High-Performance Lookups im BW Transformations - Selecting the right table type

This is perhaps the most fundamental of all ABAP questions, and that not only in the context of high-performance lookups: it arises as soon as you do anything in ABAP.

The most commonly used type of internal table is the standard table. The reasons for this are partly historical, as hashed and sorted tables only became available with Release 4.0.  Standard tables can also be rapidly populated, for each new data record can simply be added to the end of the table (see APPEND). For sorted and hashed tables, on the other hand, you first need to find the correct location (see INSERT) or generate the hash key. Standard tables are therefore to be preferred for writing.

For read access, however, standard tables are a performance killer: unlike the other tables, they are searched on a linear basis. A search in a standard table with 50,000 data records will therefore start from the very first data record. In the worst-case scenario where the requested data record is at the very end, all preceding 49,999 data records will be read.

The example below illustrates just what impact this has in lookups:

performance-lookups-bw-processing-time

 

Imagine that we have an internal table, X, with 50,000 data records, and that each data record is to be supplemented with information from a database table, Y. In the best-case scenario, we have only loaded the relevant data records from database table Y to an internal table Z [Verlinkung zum Artikel 4], and the latter contains exactly one corresponding data record for each of our X data records. Z thus also has 50,000 data records.

The type of table X is of secondary importance, as we need to LOOP through it and read out every single data record. If, however, Z is a standard table, we will have a total of 1,250,025,000 (50,000!) instances of read access. With SAP BW on HANA, you are often working with data packages with 200,000 or more data records. In our example, this would take us to 20,000,100,000 instances of read access per data package if we used a standard table for Z.

Of course, standard tables can also be sorted in ascending order and then searched using a BINARY SEARCH[SC1] . So why not use a sorted or hashed table? As a rule of thumb, there is little difference in speed between the two types of table with c. 10,000 data records. For significantly larger tables, the hashed table is unbeatable as the access time is more or less constant irrespective of size. Performance problems do not generally occur with fewer than 10,000 data records.

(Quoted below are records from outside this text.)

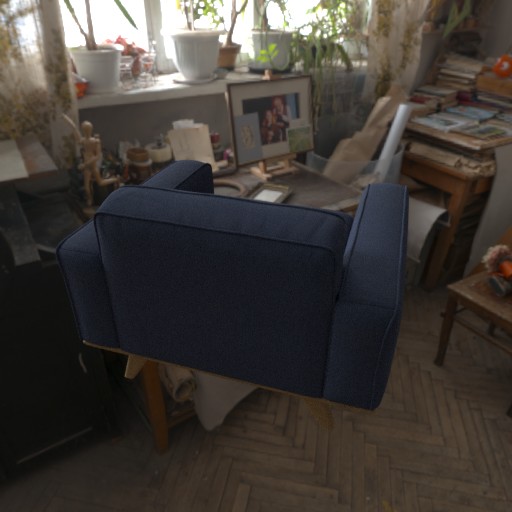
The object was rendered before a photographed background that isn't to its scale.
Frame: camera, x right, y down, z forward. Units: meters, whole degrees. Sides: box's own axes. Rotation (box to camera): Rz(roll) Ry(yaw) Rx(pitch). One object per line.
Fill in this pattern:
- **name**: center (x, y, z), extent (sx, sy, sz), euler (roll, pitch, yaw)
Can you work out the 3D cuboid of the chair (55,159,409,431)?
- **chair**: center (0.000, 0.000, 1.759), extent (1.118, 0.783, 0.953), euler (9, 33, 15)
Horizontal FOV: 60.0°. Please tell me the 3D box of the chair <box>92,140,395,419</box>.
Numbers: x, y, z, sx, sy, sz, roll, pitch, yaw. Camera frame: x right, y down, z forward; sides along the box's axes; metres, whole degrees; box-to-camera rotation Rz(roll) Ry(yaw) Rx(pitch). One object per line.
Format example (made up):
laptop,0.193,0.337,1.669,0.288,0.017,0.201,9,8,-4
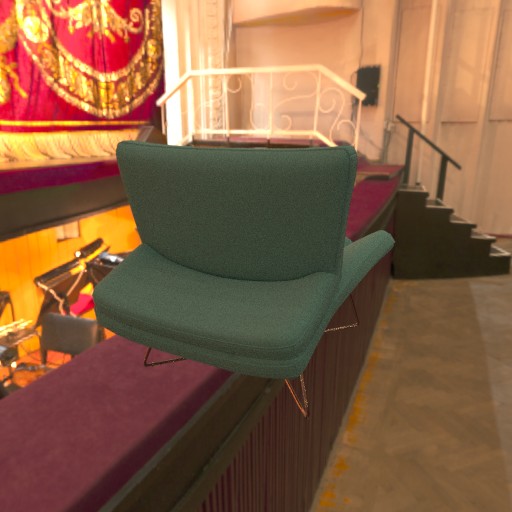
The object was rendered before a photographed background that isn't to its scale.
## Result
chair,0.000,0.000,1.689,0.859,0.855,1.008,9,19,27

The 'disadvantage' of hashed tables is, however, that they are only supposed to contain unique data records. If it is not possible to generate a unique table key, for example because the selected data has been aggregated, you should use sorted tables.

 

In short:

  • If you need an internal table for writing, use a standard table.
  • If you need to search a large internal table, use a hashed table.
  • If you need to search a large internal table with non-unique data records, use a sorted table.